I smirked. A fitting end for a bug. Looking down on it, I mentally kicked myself. I had just been lambasting Kan’on for overachieving and here I was empowering runes on the fly like I was trying to impress a girl in the village green. I turned away, disgusted that I had fallen to the same level as my ‘apprentice.’
Kan’on still flashed in and out of view, his sword a shining blur of death and destruction. The man pissed me off so much. The blue and green pastels of his outfit in this light painted a beautiful image as he flashed around, paired with his pretty face and hair, dashing around dashingly… it was enough to make me sick.
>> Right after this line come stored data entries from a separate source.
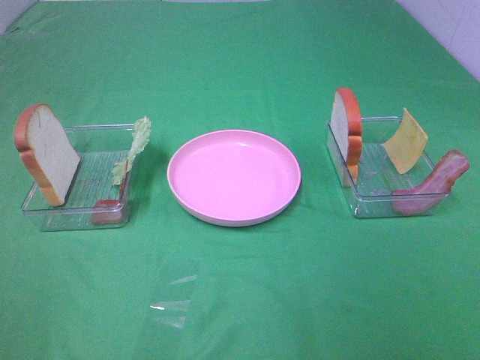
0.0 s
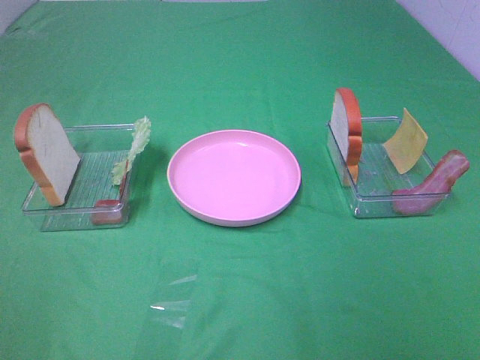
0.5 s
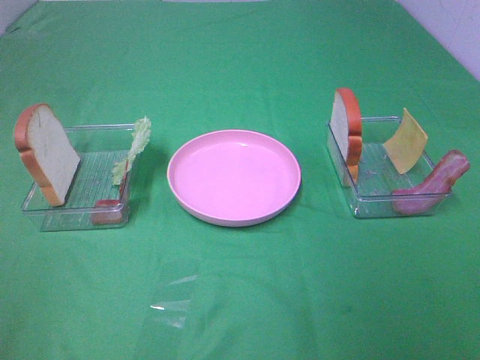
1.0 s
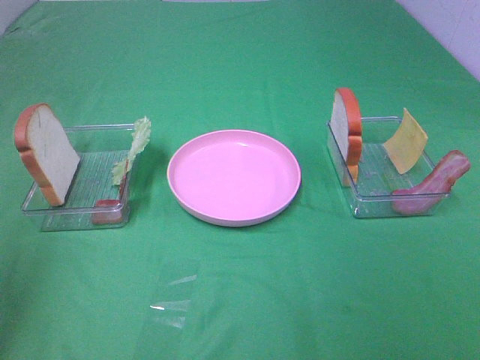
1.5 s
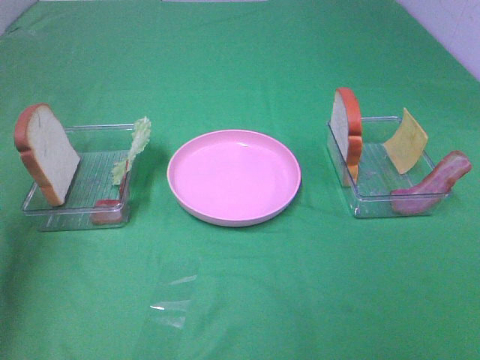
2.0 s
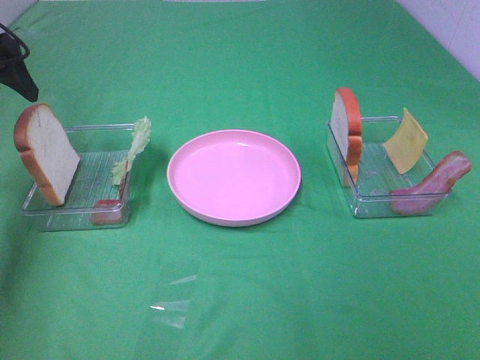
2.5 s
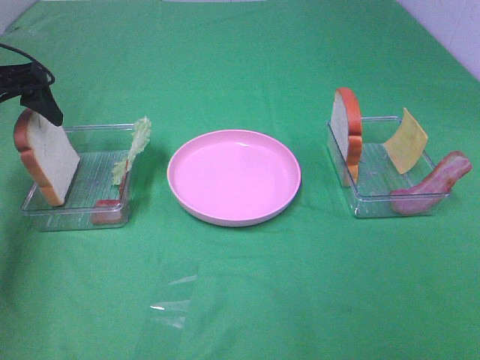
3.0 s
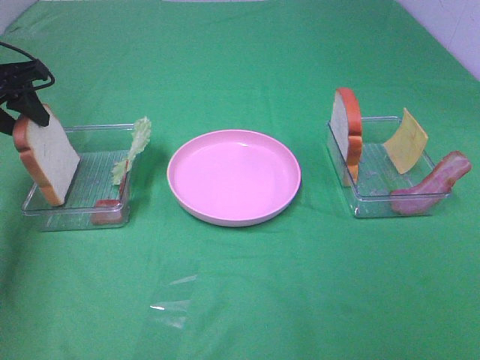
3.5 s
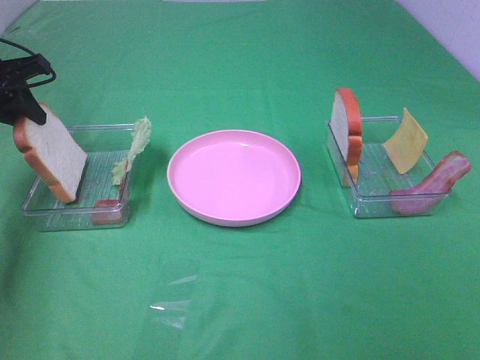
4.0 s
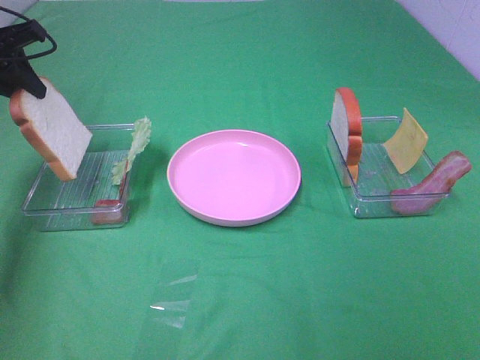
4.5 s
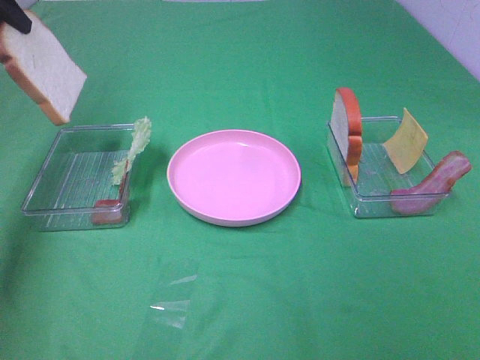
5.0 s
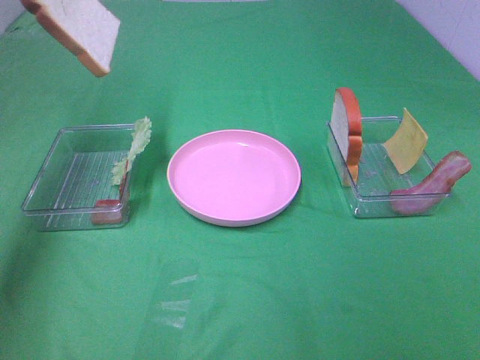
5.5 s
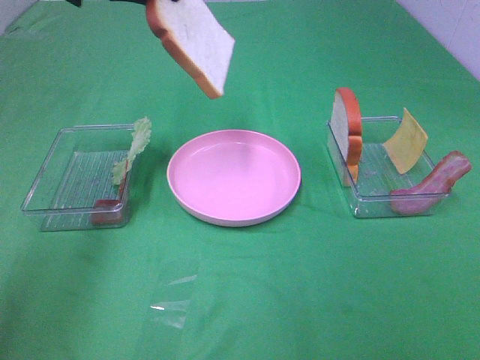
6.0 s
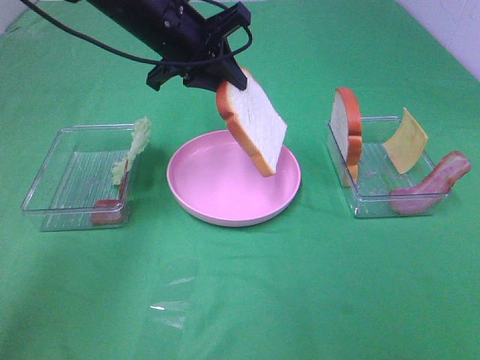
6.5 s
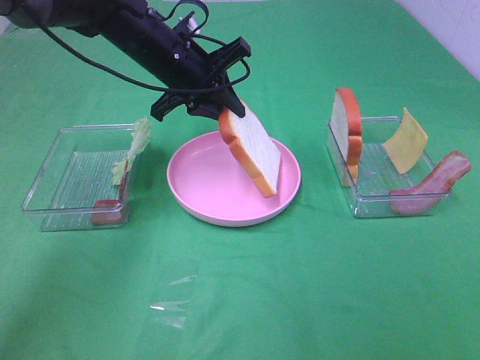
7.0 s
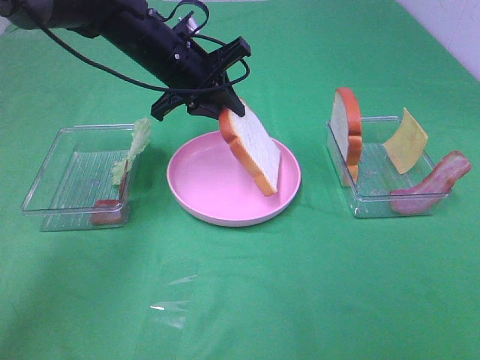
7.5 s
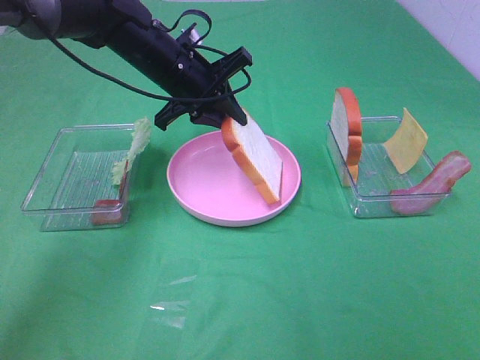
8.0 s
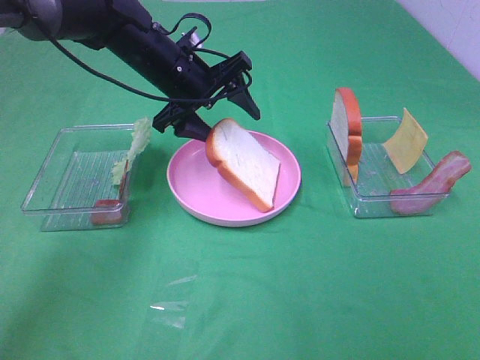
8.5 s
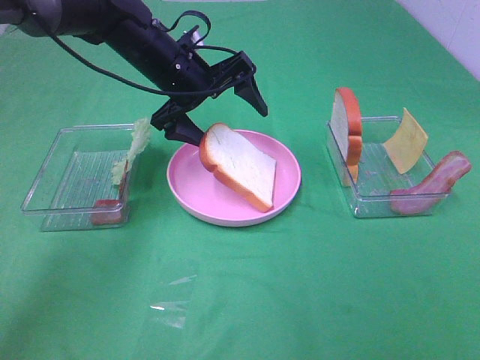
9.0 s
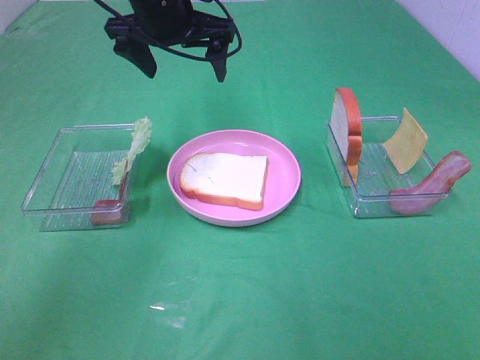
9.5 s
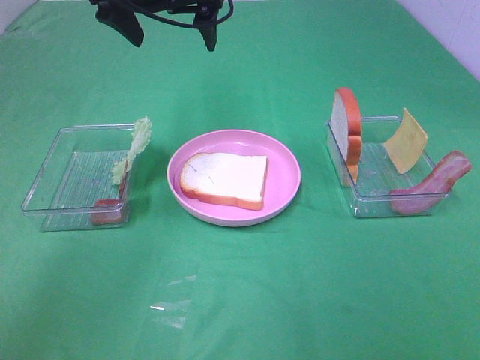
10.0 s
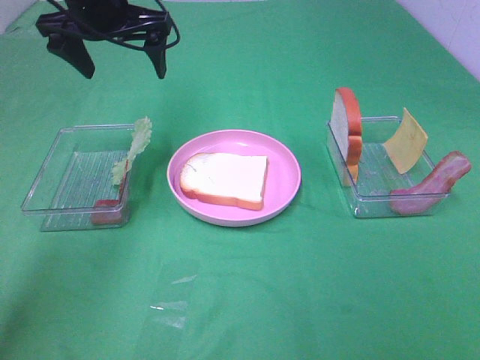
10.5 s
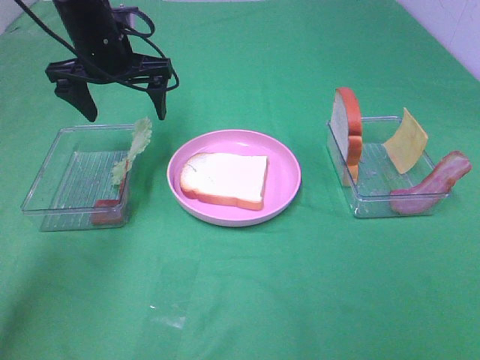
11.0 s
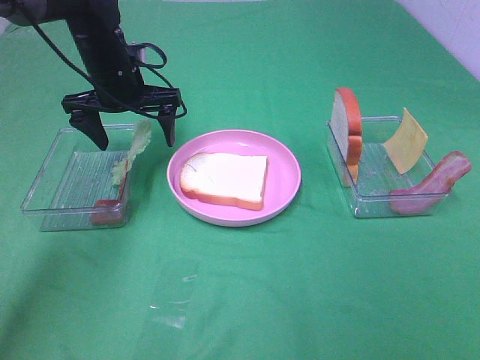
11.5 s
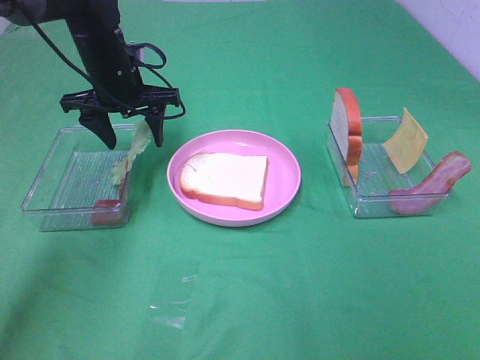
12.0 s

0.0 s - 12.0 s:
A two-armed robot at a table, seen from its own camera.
Task of the whole recording: Make sandwiches.
Step, 0.0 s - 4.0 s: Left hand:grab the bread slice.
Step, 4.5 s - 9.0 s: Left hand:place the bread slice on the plate.
0.0 s - 2.0 s: The left gripper heads forward, covering about 30 cm.
2.0 s - 4.0 s: The left gripper travels forward and downward by about 15 cm, and closes up.
4.0 s - 6.0 s: The left gripper moves to the right and upward, some 20 cm.
6.0 s - 8.0 s: The left gripper is displaced downward and to the right by roughly 15 cm.
8.0 s - 10.0 s: The left gripper goes some 15 cm upward, and opens up.
10.0 s - 12.0 s: The left gripper shifts approximately 15 cm downward and to the left.

A wave in the Flow caught my attention; there was something more interesting than the Ilfid worker fodder making its way through the forest. It was big. Grinning, I jumped down from my perch and walked toward the forest. Something interesting indeed.
A giant bug emerged from the woods, easily twice as tall as a man, both arms as thick as a log. It let out a piercing screech that sent defenders up and down the line to their knees, grasping their heads in pain.
Yes, an Ilfid Brute was far more interesting. They had finally sent one of their true warrior caste. I reached into my cubby and took out a flask, draining what remained of the strong liquor.